Welcome aboard and congrats on your new camper!


----------



## CHERYLLR (Mar 5, 2004)

We also purchased the same model. We can't wait for our first trip.


----------



## NDJollyMon (Aug 22, 2003)

Welcome to OUTBACKS and congratulations!

Sounds like you and your husband will be pretty popular here! RV Tech is just what we need here!


----------



## Don & Sherlene (Mar 14, 2004)

Thanks everyone,

We are almost as excited about this website as we are about our new camper!! I love all of the information and different ideas and suggestions.

We live near Oak Mountain State Park and camp there often. We've become good friends with the campground directors and Don has provided on-site RV service to some of the folks there needing help. He also provides service to a local KOA campground. We love meeting people from all over the country..especially campers...this is a special group of people.

Don has already posted a message with regards to our experience with heavy duty trucks.







But, we now have a Dodge Cummins and my hope is that it will be around for a long time!

We're happy to be on board with the Outback family.. 
God bless,


----------



## CamperDC (Oct 30, 2003)

Don, old buddie old pal







,

A RV tech and member of Outbackers. What more can you ask for? I love this site.

Glad to have you two aboard. I have only had my Outback for less then a year and I already have my eye on that 29 Fifth Wheel Bunk House.


----------



## shooter (Mar 16, 2004)

Don & Sherlene,
Well I joined you last week by picking up my new 29FBHS as well







, towed like a dream home and now is loaded ready for its first shake down this week. Leaving for Statesville, NC, Wednesday and hopefully will love the use as much as everything Don noticed (I did too!!) during the purchase & review.

Craig


----------



## Don & Sherlene (Mar 14, 2004)

Craig,

Congratulations!! I know you'll love yours as much as we love ours.

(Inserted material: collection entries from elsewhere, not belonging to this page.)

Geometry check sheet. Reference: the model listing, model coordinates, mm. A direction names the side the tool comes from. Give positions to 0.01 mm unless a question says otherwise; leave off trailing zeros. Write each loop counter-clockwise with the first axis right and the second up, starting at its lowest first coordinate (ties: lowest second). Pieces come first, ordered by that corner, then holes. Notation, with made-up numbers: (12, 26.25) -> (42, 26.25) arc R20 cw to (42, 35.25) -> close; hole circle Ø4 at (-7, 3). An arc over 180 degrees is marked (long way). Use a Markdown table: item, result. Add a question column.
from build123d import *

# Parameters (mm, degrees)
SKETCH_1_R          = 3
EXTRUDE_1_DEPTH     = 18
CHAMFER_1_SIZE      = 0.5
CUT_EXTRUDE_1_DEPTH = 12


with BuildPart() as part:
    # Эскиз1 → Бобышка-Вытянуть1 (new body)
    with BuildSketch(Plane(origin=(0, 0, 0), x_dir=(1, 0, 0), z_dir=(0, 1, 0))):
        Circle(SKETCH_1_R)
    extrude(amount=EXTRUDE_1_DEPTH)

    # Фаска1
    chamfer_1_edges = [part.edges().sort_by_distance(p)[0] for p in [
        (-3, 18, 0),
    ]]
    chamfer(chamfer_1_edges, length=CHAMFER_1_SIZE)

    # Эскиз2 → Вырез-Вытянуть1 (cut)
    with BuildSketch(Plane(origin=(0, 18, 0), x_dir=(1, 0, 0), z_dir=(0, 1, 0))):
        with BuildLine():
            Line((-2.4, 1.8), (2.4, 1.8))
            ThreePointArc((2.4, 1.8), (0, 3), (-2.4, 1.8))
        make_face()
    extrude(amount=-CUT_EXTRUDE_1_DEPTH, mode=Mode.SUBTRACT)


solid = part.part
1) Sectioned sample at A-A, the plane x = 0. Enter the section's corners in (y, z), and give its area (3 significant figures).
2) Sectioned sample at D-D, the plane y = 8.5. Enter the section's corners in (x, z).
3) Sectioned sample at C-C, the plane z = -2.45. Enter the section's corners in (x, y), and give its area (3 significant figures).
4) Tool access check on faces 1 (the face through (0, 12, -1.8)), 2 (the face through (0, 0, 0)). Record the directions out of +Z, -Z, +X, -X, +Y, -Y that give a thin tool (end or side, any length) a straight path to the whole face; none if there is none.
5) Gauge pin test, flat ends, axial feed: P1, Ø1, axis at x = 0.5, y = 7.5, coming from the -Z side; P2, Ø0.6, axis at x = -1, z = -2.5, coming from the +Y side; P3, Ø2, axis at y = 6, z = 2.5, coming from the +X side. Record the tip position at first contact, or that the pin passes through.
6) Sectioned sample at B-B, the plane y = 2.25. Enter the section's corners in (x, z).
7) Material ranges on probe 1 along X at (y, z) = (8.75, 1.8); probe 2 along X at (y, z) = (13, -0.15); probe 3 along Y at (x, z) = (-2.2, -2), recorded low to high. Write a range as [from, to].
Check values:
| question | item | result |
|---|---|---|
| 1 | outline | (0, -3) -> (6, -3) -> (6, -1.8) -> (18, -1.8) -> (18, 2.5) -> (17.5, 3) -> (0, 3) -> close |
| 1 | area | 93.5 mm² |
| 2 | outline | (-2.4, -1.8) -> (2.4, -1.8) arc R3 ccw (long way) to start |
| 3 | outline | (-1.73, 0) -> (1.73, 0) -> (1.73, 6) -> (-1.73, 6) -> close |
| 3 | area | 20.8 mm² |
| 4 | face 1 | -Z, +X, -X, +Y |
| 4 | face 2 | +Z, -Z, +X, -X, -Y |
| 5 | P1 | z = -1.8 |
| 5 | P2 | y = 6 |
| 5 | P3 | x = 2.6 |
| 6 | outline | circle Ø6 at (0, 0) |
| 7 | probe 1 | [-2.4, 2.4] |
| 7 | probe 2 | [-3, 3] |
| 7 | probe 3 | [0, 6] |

We've just made 2 trips so far since our purchase on March 13. We took 3 boys - ages 9, 15 & 16 and my husband and I felt we still had plenty of room and privacy.

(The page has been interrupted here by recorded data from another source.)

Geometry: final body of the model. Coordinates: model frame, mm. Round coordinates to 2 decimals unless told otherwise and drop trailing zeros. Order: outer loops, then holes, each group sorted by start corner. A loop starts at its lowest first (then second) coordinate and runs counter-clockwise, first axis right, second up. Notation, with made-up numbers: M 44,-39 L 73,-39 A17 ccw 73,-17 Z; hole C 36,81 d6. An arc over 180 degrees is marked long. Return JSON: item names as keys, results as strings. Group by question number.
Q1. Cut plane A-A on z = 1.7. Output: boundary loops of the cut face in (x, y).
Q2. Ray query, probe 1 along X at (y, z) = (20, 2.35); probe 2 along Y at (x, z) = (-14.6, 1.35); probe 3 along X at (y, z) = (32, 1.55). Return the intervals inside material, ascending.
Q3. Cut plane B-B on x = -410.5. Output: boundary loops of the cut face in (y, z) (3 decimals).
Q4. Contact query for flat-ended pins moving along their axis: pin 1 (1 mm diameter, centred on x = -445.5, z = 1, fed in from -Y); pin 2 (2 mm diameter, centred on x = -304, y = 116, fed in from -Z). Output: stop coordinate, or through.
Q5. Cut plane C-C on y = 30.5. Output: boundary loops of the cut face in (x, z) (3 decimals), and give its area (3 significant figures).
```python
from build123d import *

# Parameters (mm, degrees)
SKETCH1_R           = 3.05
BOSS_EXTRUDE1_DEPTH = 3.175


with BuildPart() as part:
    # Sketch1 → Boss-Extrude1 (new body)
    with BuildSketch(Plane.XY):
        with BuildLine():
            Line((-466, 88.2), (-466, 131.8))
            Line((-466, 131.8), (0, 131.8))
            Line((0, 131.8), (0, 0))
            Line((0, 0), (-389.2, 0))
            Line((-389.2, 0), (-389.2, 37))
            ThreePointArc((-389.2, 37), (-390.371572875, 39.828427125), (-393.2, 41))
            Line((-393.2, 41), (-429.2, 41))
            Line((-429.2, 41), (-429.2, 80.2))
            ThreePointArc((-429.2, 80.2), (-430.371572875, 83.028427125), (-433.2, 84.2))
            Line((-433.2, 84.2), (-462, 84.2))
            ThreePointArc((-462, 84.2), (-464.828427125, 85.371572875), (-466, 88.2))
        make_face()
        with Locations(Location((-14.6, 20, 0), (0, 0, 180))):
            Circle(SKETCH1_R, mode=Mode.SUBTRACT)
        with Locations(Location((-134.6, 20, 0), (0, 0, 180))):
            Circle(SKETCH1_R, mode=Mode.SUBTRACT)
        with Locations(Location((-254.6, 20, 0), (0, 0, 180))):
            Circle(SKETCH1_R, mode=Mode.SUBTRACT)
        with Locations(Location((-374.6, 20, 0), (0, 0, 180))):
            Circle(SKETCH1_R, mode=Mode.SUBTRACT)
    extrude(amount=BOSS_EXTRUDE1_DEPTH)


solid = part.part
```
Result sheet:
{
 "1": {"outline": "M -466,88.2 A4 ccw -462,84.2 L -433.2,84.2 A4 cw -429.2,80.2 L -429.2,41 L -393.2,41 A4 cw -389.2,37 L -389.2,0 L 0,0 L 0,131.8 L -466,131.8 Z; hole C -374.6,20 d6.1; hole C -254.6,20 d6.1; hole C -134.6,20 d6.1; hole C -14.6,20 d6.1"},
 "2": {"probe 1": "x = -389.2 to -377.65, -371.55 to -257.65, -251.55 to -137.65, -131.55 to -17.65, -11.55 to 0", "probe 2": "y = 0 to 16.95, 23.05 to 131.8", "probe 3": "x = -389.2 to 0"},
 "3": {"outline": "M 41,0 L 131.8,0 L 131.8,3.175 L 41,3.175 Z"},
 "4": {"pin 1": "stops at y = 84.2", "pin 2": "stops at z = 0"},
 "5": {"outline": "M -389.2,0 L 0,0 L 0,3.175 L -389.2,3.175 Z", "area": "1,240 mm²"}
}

I couldn't believe how easy this fifth wheel is to pull..needless to say, so far Don has been impressed with how well it handles.

Let us know about your trip..

Happy Outbacking!


----------



## shooter (Mar 16, 2004)

Don & Sherlene,
Trip to NC went off without a single glitch. As noted by nkskjames in another forum I too am having problems getting heat up to the ducts in the 'goose' but still was plenty warm in the rig. We went from 2003 30' dutchman TT to this and the storage and general move-around each other room was as you said one of the best parts, we couldn't get over that nice factor either







.

Don was also correct about the towing, smooth as silk. I even drove home during some of the terrible winds we had here on the east coast Sunday and it just kept on going with a little side wiggle every now and then when a big gust would come across but I could only think how the old TT would have been. Hopefully this unit will continue to amaze us.

Have you all noticed that small issue with the upper area heat? we tried covering the lower vents but still didn't want to move forward much??
Craig


----------